等到关上房门,茉莉才长嘆一口,转身扑到床上,將脸埋在被子里,发出意义不明的呜咽声。
兔子躡手躡脚地爬到主人枕头旁,鬆软的耳朵戳了戳茉莉。
“主人,没事了喵。”
茉莉露出脸,伸手拨弄著兔子的耳朵。
她心中清楚,只是暂时没事了而已。
自己根本就不会巫术,她甚至不知道自己是怎么让兔子活过来的。
那一页巫术书在手上其实毫无用处,自己甚至看不懂上面的大多数词。
然而事已至此,已经没办法了。如果自己没办法教会夜鶯巫术,夜鶯一定会怀疑梅的。
最终,茉莉决定暂时不想这些,先去补个觉。
……
清晨,顶著黑眼圈的夜鶯缓缓走向餐厅。
出乎预料,即便是因为缺少睡眠而异常痛苦,自己也依旧能在贴身女僕唤醒时起床。
脑袋昏昏沉沉的感觉不太好受,头上就如血管抽筋一般痛苦。
好在今天礼仪教师早上不在,自己不用顶著脑子的痛苦,做额外的仪態训练。
餐厅內,她看见母亲已经在等著自己了。
在靠近母亲的一瞬间,夜鶯很好地压住了胸膛的颤抖。
別让母亲看出来。
她这样想著,脸上露出了专门应对母亲的、不失礼仪又兼具孩童纯真的灿烂笑脸。
“日安,母亲。”她提裙行礼,每个动作都恰到好处。
“日安,夜鶯。”母亲皱起眉头,露出严厉之色,“你昨晚没睡好?”
“昨晚睡得不是很稳,中间醒了几次。”
母亲只是点了点头,並未过多询问:“不要耽误了上课。”
“是的,母亲。”
今日的早餐一如既往,所有共席者依照母亲的指挥节奏交谈著可有可无的话题,在无趣的对话中结束了早餐。

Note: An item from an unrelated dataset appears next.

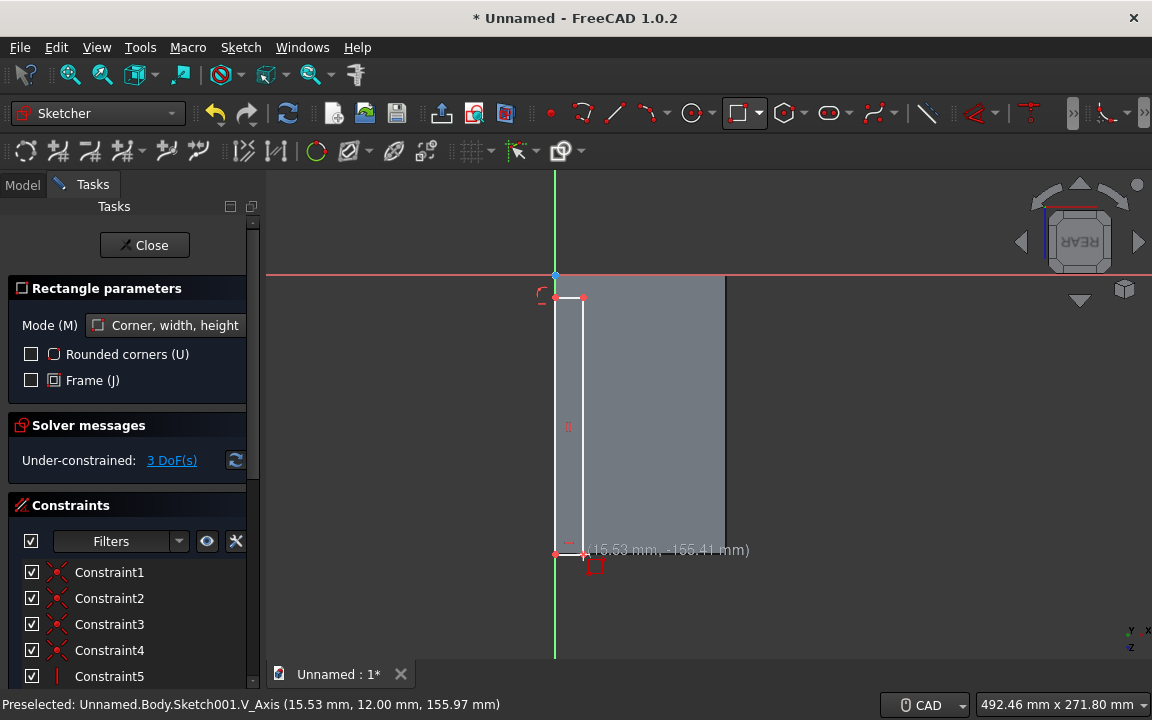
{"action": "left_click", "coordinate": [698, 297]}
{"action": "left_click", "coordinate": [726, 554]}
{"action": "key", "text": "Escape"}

母亲早早吃完离去,隨后在女佣们收拾餐桌时,夜鶯悄然上前,靠近了自己的兄长。
“兄长,请等一下。”
卢因转过头,破有些意外地看著自己的妹妹。
在他记忆中,这还是对方第一次主动找自己对话。
於是,年轻的继承人礼貌地立在原地,颇为客气地问道:“有什么需要帮忙的吗,夜鶯?”
“兄长,”夜鶯环顾四周,確定周围无人窥视后,才靠近了卢因,凑到了他的耳边,“父亲在外,有没有私生女?”
卢因如黄金般铸就的瞳孔骤然放大,满脸不敢置信地看向自己的妹妹。
看她神神秘秘的模样,本是有些好奇地主动靠近了夜鶯,却没想到会听到这么个问题。
然而这震惊转瞬即逝,卢因的大脑迅速冷静下来,摇了摇头,低声反问:“你能想像父亲拥有情妇、或是爱上某个人的样子吗?”
夜鶯漠然。
与卢因一样,她想像不出那个画面。
她唯一能想到的,只有父亲那双冷漠无情的金色双眼。
“类似的传闻呢?”
“全是些经不起推敲的东西,很容易证偽……至少我没听说过可信的。”他说,“你为什么突然问这个?”
夜鶯思索著,抬起头,有些费力地与兄长对视。
“兄长,除了我们,还有別的家族拥有金色双眸吗?”
“挺多的,不过在碎岩城不常见。”
夜鶯闭上眼,某种失望夹杂著庆幸的眼神一闪而过,隨后又归於平静。